S. Murtaza Fazal Ali, J.

1. This appeal by special leave is directed against a judgment of the Allahabad High Court confirming the conviction of the appellants for offences under Sections 302 and 325 read with Section 149 of the Indian Penal Code as also for some less serious offences.

2. The detailed facts of the case have been given in the judgment of the Sessions Judge and that of the High Court and it is not necessary for us to repeat the same.

3. The appeal being by special leave we can interfere only if we find that there is some gross violation of any principle of law or a serious miscarriage of justice. Having gone through the judgment of the High Court which is a well-reasoned one and has considered all the aspects of the prosecution case, we find ourselves in complete agreement therewith.

4. It is true that the High Court has rejected a good part of the prosecution case regarding the motive or the actual cause of the occurrence but it has accepted the main details of the occurrence which resulted in injuries three persons and death of two others. It has made a very scientific approach to the case, has given the maximum possible benefit of doubt to those of the accused against whom there were no sufficient materials, and has taken care to convict only those accused persons (namely, the appellants before us) whole participation if the assault was proved beyond reasonable doubt.
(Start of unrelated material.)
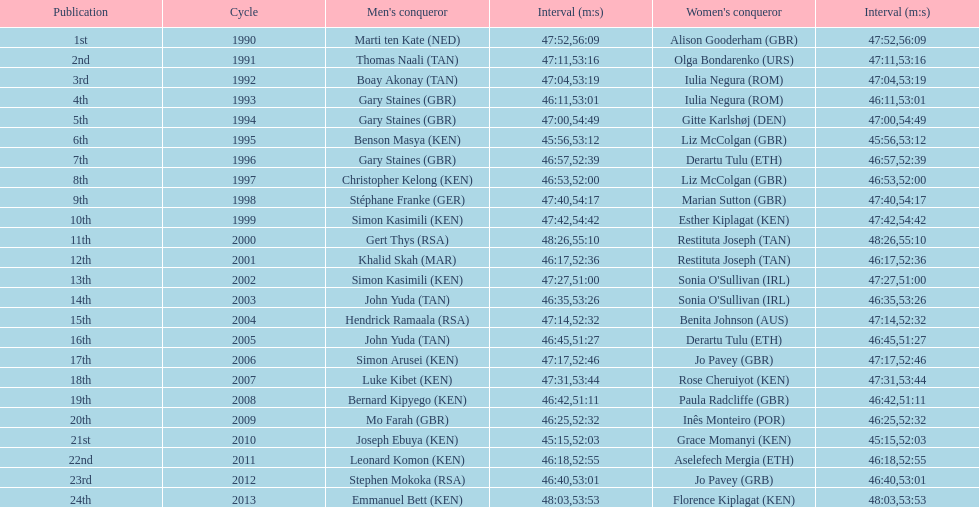The other women's winner with the same finish time as jo pavey in 2012 Iulia Negura. 
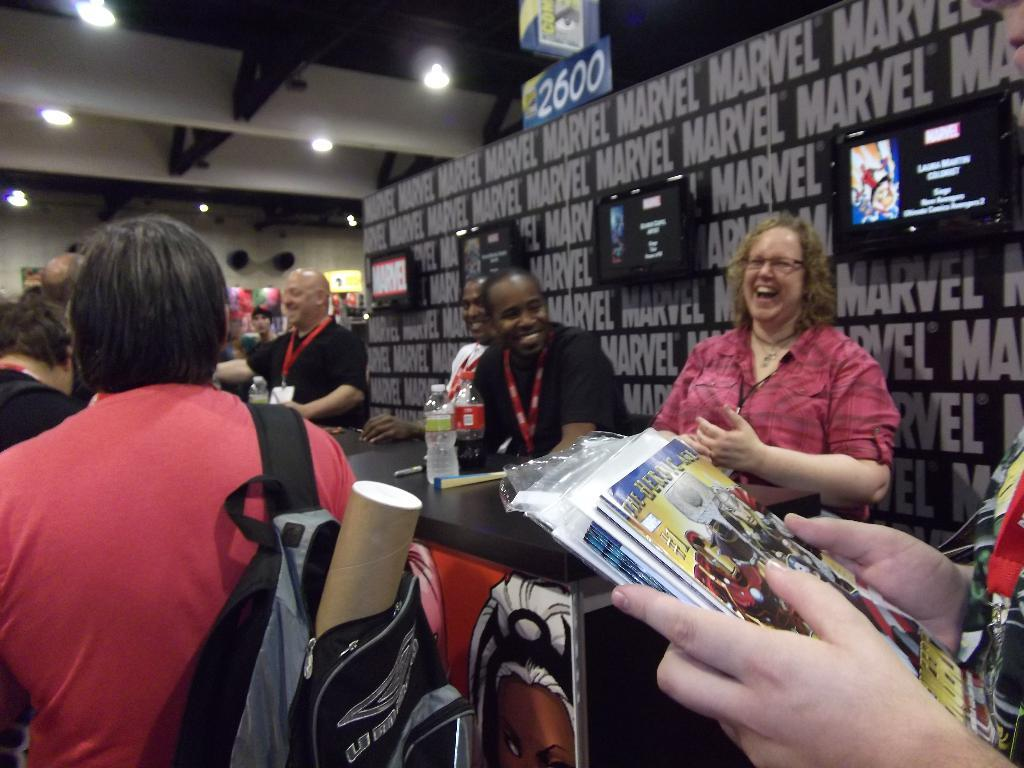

5. Mr. Goyal appearing for the appellants submitted that having disbelieved the essential details of the prosecution case, the High Court ought not to have convicted the appellants but should have acquitted all the accused. In the first place, the High Court has not disbelieved the essential details of the prosecution case but has merely tried to disengage the truth from falsehood, the grain from the chaff and in this process it has acquitted all those accused against whom the evidence was not acceptable or who could be reasonably suspected of having been implicated due to enemity. The standard adopted by the High Court was, that where an accused was shown to have taken part in the assault armed with a weapon which actually caused injuries to the prosecution witnesses or the deceased, who was to be convicted. As between the deceased and the injured prosecution witnesses there were as many as 60 injuries whereas not a single accused suffered any injury on his person. In these circumstances it cannot be said that there was a free fight between complainants party and the accused. The occurrence, according to the High Court, had taken place at an appreciable distance from the field in dispute and there was no justification for accused persons to have engaged themselves variously armed with deadly weapons in a fight with the prosecution party caused fatal injuries on the two deceased and serious injuries to three others. Mr. Goyal. specially stressed the fact that the evidence shows that the prosecution party had used lathis and argued that this would indicate that the appellants, if at all, had morally exceeded the right of private defence. We are however unable to agree with this argument because if members of the prosecution party were attacked by the accused persons variously, armed, they had to defend themselves end if they wielded lathis in self-defence, that would not give any right of private defence to the appellants. The fact of the matter is that none of the appellants had received any injuries and the High Court merely conjectured that they might have received injuries as a result of the blows given by some of the prosecution witnesses. Having carefully considered the evidence and circumstances of the case coupled with the scientific analysis made by the High Court, we are not at all satisfied that it is a fit case which calls for our interference. Accordingly, we find not merit in the appeal which is dismissed.